# Match Pyramid

参考实现：

* [MatchPyramid-for-semantic-matching](https://github.com/ddddwy/MatchPyramid-for-semantic-matching/blob/master/match_pyramid.py)
* [MatchZoo](https://github.com/NTMC-Community/MatchZoo)

In [1]:
!pip install -i https://pypi.tuna.tsinghua.edu.cn/simple -q tensorflow==2.0.0a
    

In [2]:
import tensorflow as tf

tf.__version__

'2.0.0-alpha0'

In [25]:
config = {
    'query_max_len': 20,
    'doc_max_len': 100,
    'num_conv_layers': 2,
    'filters': [8, 16, 32],
    'kernel_size': [[5, 5], [3, 3], [3, 3]],
    'pool_size': [[2, 2], [2, 2], [2, 2]],
    'dropout': 0.5,
    'batch_size': 32,
    'vocab_size': 100,
    'embedding_size': 128,
}

In [45]:

def build_model(config):
    q_input = tf.keras.layers.Input(shape=(config['query_max_len'],), name='q_input')
    d_input = tf.keras.layers.Input(shape=(config['doc_max_len'],), name='d_input')
    
    embedding = tf.keras.layers.Embedding(config['vocab_size'], config['embedding_size'], name='embedding')
    
    q_embedding = embedding(q_input)
    d_embedding = embedding(d_input)
    
    #dot
    dot = tf.keras.layers.Dot(axes=-1, name='dot')([q_embedding, d_embedding])
    print('dot shape: ', dot.shape)
    matrix = tf.keras.layers.Reshape((config['query_max_len'], config['doc_max_len'], 1), name='matrix')(dot)
    print('matrix shape: ', matrix.shape)
    
    x = matrix
    for i in range(config['num_conv_layers']):
        x = tf.keras.layers.Conv2D(
            filters=config['filters'][i], 
            kernel_size=config['kernel_size'][i], 
            padding='same',
            activation='relu')(x)
        x = tf.keras.layers.MaxPooling2D(pool_size=tuple(config['pool_size'][i]))(x)
    
    flatten = tf.keras.layers.Flatten()(x)
    drop = tf.keras.layers.Dropout(config['dropout'])(flatten)
    dense = tf.keras.layers.Dense(32, activation='relu')(drop)
    out = tf.keras.layers.Dense(1, activation='sigmoid', name='out')(dense)
    
    model = tf.keras.Model(inputs=[q_input, d_input], outputs=[matrix, out])
    return model
                                                  

In [47]:

model = build_model(config)

model.summary()

model.compile(loss={'out': 'binary_crossentropy'}, optimizer='sgd')

W0508 17:10:30.348741 140249640052544 training_utils.py:1152] Output matrix missing from loss dictionary.
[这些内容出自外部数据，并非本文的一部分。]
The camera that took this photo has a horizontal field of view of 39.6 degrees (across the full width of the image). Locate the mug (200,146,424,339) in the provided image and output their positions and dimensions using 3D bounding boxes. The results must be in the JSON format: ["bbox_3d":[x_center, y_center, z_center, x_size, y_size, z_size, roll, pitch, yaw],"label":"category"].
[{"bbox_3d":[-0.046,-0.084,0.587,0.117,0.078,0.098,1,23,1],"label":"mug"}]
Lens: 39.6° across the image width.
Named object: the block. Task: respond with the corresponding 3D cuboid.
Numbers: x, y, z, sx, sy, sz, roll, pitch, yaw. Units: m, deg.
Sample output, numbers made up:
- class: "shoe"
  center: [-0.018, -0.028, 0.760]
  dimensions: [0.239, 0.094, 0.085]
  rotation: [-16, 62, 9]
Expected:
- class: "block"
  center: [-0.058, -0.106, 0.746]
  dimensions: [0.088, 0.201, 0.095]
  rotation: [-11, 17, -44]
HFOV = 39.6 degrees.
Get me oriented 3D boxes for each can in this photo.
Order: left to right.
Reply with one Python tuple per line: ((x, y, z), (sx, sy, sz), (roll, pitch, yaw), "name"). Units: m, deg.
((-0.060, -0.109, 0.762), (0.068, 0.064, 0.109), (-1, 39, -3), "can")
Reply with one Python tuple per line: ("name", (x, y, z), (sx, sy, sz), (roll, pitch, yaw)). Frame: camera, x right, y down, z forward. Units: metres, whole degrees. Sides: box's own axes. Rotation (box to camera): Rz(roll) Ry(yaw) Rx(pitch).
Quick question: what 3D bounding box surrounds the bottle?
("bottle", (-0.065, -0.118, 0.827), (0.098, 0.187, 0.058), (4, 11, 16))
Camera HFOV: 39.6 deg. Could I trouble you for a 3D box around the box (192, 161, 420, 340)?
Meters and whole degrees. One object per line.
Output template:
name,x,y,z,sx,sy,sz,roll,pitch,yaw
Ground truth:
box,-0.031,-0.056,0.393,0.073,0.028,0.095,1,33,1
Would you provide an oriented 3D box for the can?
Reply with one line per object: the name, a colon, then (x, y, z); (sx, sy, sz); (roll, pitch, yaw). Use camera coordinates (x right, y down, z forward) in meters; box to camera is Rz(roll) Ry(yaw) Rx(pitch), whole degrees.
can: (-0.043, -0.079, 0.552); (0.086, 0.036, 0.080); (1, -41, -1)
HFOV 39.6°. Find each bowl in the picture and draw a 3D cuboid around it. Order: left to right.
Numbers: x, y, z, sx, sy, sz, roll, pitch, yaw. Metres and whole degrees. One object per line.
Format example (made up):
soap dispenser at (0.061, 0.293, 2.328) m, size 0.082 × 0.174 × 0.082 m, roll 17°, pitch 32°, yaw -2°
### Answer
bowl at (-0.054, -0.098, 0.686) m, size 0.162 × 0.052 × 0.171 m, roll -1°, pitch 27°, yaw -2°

We assume this was done on purpose. The fit and evaluate APIs will not be expecting any data to be passed to matrix.


dot shape:  (None, 20, 100)
matrix shape:  (None, 20, 100, 1)
Model: "model_7"
__________________________________________________________________________________________________
Layer (type)                    Output Shape         Param #     Connected to                     
q_input (InputLayer)            [(None, 20)]         0                                            
__________________________________________________________________________________________________
d_input (InputLayer)            [(None, 100)]        0                                            
__________________________________________________________________________________________________
embedding (Embedding)           multiple             12800       q_input[0][0]                    
                                                                 d_input[0][0]                    
__________________________________________________________________________________________________
dot (Dot)                     

In [43]:
from tensorflow.python.ops import lookup_ops

query_vocab_file = ''
doc_vocab_file = ''

query_str2id = lookup_ops.index_table_from_file(query_vocab_file, default_value=0)
query_id2str = lookup_ops.index_to_string_table_from_file(query_vocab_file, default_value='unk')
doc_str2id = lookup_ops.index_table_from_file(doc_vocab_file, default_value=0)
doc_id2str = lookup_ops.index_to_string_table_from_file(doc_vocab_file, default_value='unk')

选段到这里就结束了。